Producers may have resumed normal service but are evidently still struggling fully to satisfy demand, which has also rebounded in line with the broader recovery in China’s manufacturing sector.

Shanghai exchange stocks at 5,475 tonnes are higher than those registered with the LME but the net change last year was a marginal rise of just 124 tonnes.

The continued inversion in trade patterns through November suggests the country is still some way from being able to fill any supply gap in the rest of the world.

INDONESIAN RESTRAINT

That task falls primarily to Indonesia, the world’s second largest producer and the largest exporter of refined metal.

Although relatively unscathed by COVID-19 lockdowns, the country’s dominant producer PT Timah reduced production and shipments in response to the tin price collapsing to $12,700 in the first quarter of 2020.

That restraint appears to have held.

Indonesian exports were 59,100 tonnes in the first 11 months of last year, down 3.6% on 2019 and the lowest equivalent count since 2016.

The current price level should be more than enough to incentivise higher Indonesian supply this year.

More broadly, the ITA forecasts global production to normalise after last year’s turbulence with producers “catering to demand”, albeit with the possibility of another smaller 2,700-tonne deficit this year.

The problem is that demand already seems to be accelerating.

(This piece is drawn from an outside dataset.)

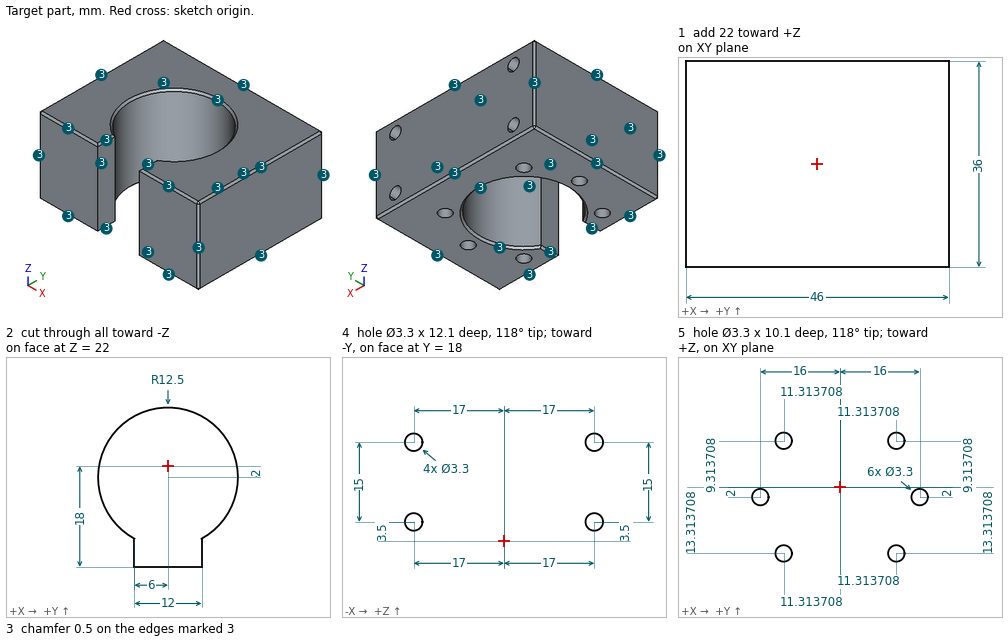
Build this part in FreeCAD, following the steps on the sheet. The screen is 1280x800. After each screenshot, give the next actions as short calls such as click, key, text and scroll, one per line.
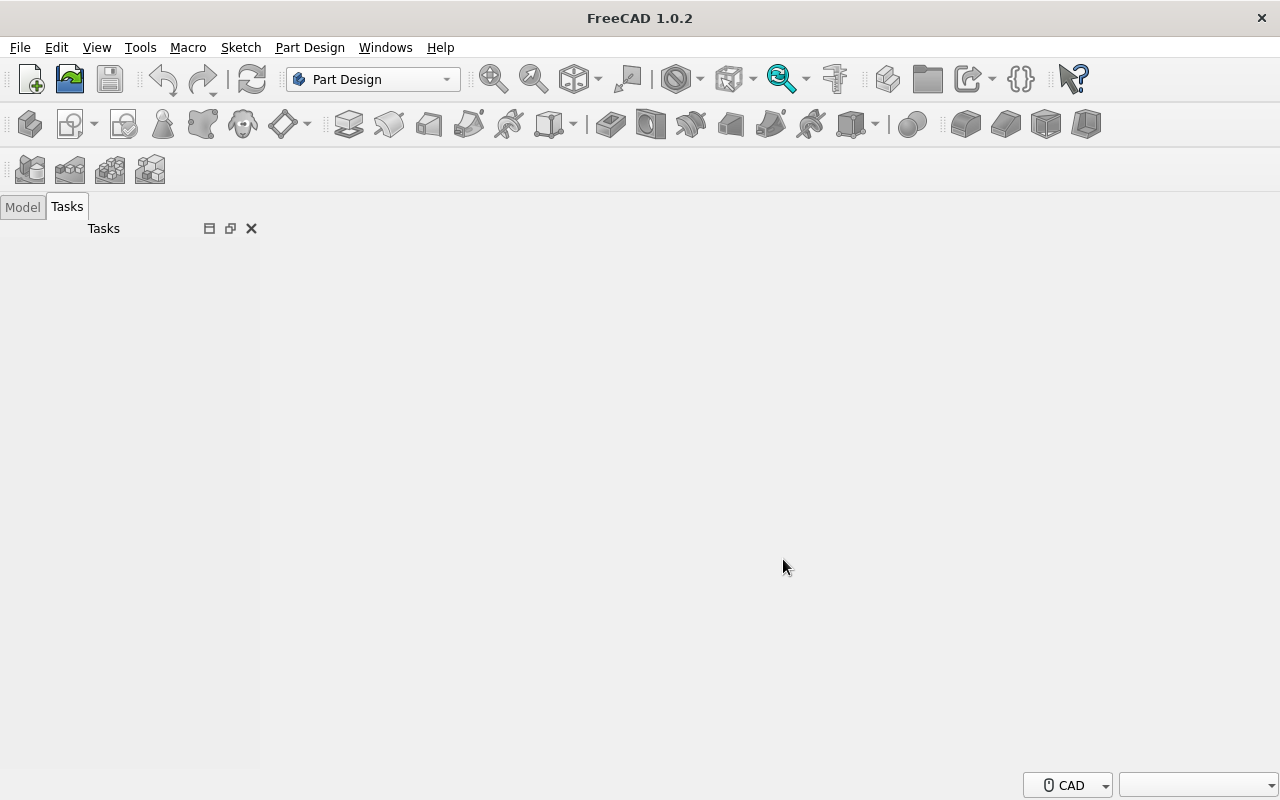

Global semiconductor sales, a proxy for tin use in the all-important circuit-board soldering sector, were up by 7% year-on-year in November thanks to robust consumer purchases of electronic goods during lockdowns.

There is potential flex in the supply chain. Both China’s Yunnan Tin and Malaysia’s MSC are in the process of commissioning new smelters to replace older plants, allowing for some overlap of production if the market needs it.

Right now it looks as if it will.

LME short position holders certainly need some more tin and sooner rather than later.